Même l’enjeu sportif et économique d’un cinquième Tour de France, avec le risque d’une chute dans le Nord, ne pèse plus : Paris-Roubaix s’inscrit de facto dans son programme. Le triple vainqueur du Tour des Flandres a d’ailleurs éventé tout suspense, une heure et demie après l’arrivée : il relancera son dé sur les chemins agricoles et verra si, cette fois, il tombe sur la bonne face. « Mais peut-être pas l’année prochaine. J’espère avoir quelques années devant moi, j’essaierai donc de tenter encore ma chance. J’ai hâte. »
Probablement est-il moins pressé de goûter à la poisse, de crever trois fois comme hier : roue avant et roue arrière la première fois à 120 kilomètres de Roubaix, ce qui l’obligea à emprunter pendant cinq kilomètres un vélo de l’assistance neutre ; puis de nouveau à 72 kilomètres du terme mais, cette fois, il fut dépanné par son staff rapidement. Dans les deux cas, il y avait laissé des mèches pour revenir dans cette course où « il n’y avait pas une seconde de répit, même pas pour manger ou faire une pause. C’était une course très rapide, avec de l’action du début à la fin » , glissa son mécano Bostjan Kavcnik, rythme cardiaque constant même quand il dut décrocher le vélo de son compatriote, lui tendre puis le pousser dans la furie du moment.

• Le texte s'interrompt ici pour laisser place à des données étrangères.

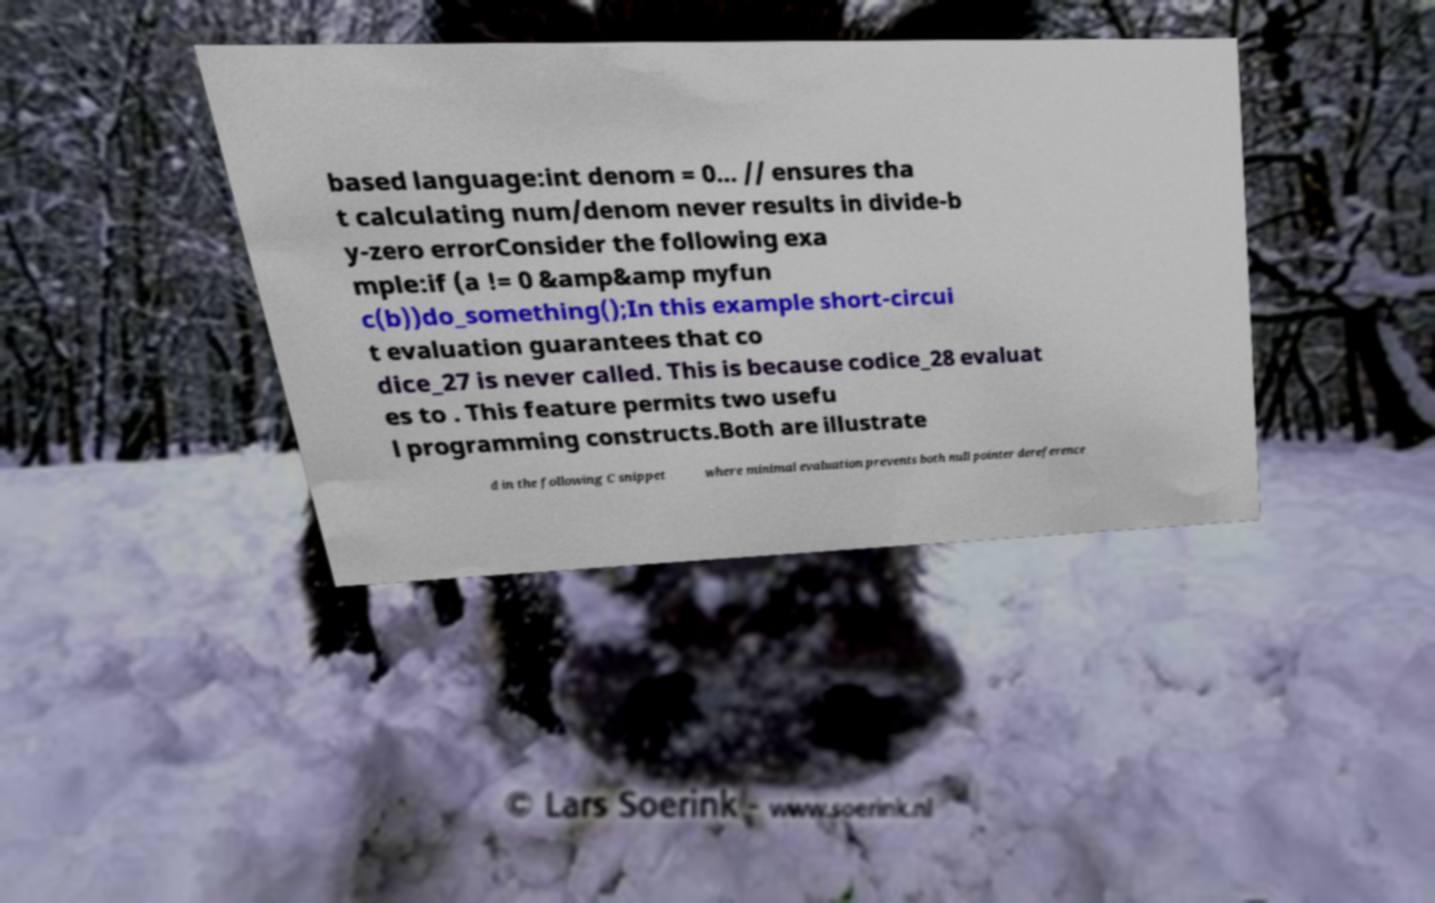There's text embedded in this image that I need extracted. Can you transcribe it verbatim? based language:int denom = 0... // ensures tha t calculating num/denom never results in divide-b y-zero errorConsider the following exa mple:if (a != 0 &amp&amp myfun c(b))do_something();In this example short-circui t evaluation guarantees that co dice_27 is never called. This is because codice_28 evaluat es to . This feature permits two usefu l programming constructs.Both are illustrate d in the following C snippet where minimal evaluation prevents both null pointer dereference 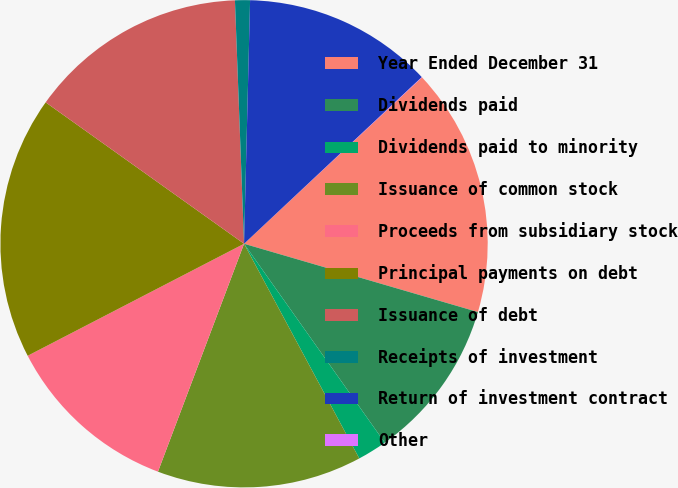Convert chart. <chart><loc_0><loc_0><loc_500><loc_500><pie_chart><fcel>Year Ended December 31<fcel>Dividends paid<fcel>Dividends paid to minority<fcel>Issuance of common stock<fcel>Proceeds from subsidiary stock<fcel>Principal payments on debt<fcel>Issuance of debt<fcel>Receipts of investment<fcel>Return of investment contract<fcel>Other<nl><fcel>16.49%<fcel>10.68%<fcel>1.96%<fcel>13.59%<fcel>11.65%<fcel>17.46%<fcel>14.55%<fcel>0.99%<fcel>12.62%<fcel>0.02%<nl></chart> 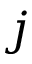<formula> <loc_0><loc_0><loc_500><loc_500>j</formula> 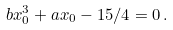<formula> <loc_0><loc_0><loc_500><loc_500>b x _ { 0 } ^ { 3 } + a x _ { 0 } - 1 5 / 4 = 0 \, .</formula>

Parce qu’il s’y amuse, qu’elle lui ressemble, « imprévisible », rit un membre de son staff, chaotique, bordélique quand le destin et le double champion du monde s’en mêlent, « Pogi » aime Roubaix. L’inverse n’est pas encore vrai « mais il a un niveau incroyable, constate Gianetti. On l’a vu l’an passé qu’il était passé tout près, cette année encore plus près, ça veut dire qu’on peut la gagner mais ce n’est pas facile. »
Hier, au milieu de multiples crevaisons qui ont entraîné des courses-poursuites et l’ont obligé à brûler du jus, il a tenté d’user le futur vainqueur belge, sur les parties édentées du parcours, à la fin du secteur de Bersée, et dans le Carrefour de l’Arbre, mais « tout ne s’est pas déroulé comme prévu. De toute façon, tout ne se passe presque jamais comme prévu » , glissa-t-il en sous-entendant « ici, à Roubaix » . Comme s’il avait compris que l’Enfer du Nord lui glisserait encore un moment entre les rayons, qu’il se déroberait, ne se livrerait pas ainsi, raison de plus pour prendre de nouveau le départ de Compiègne, très vite.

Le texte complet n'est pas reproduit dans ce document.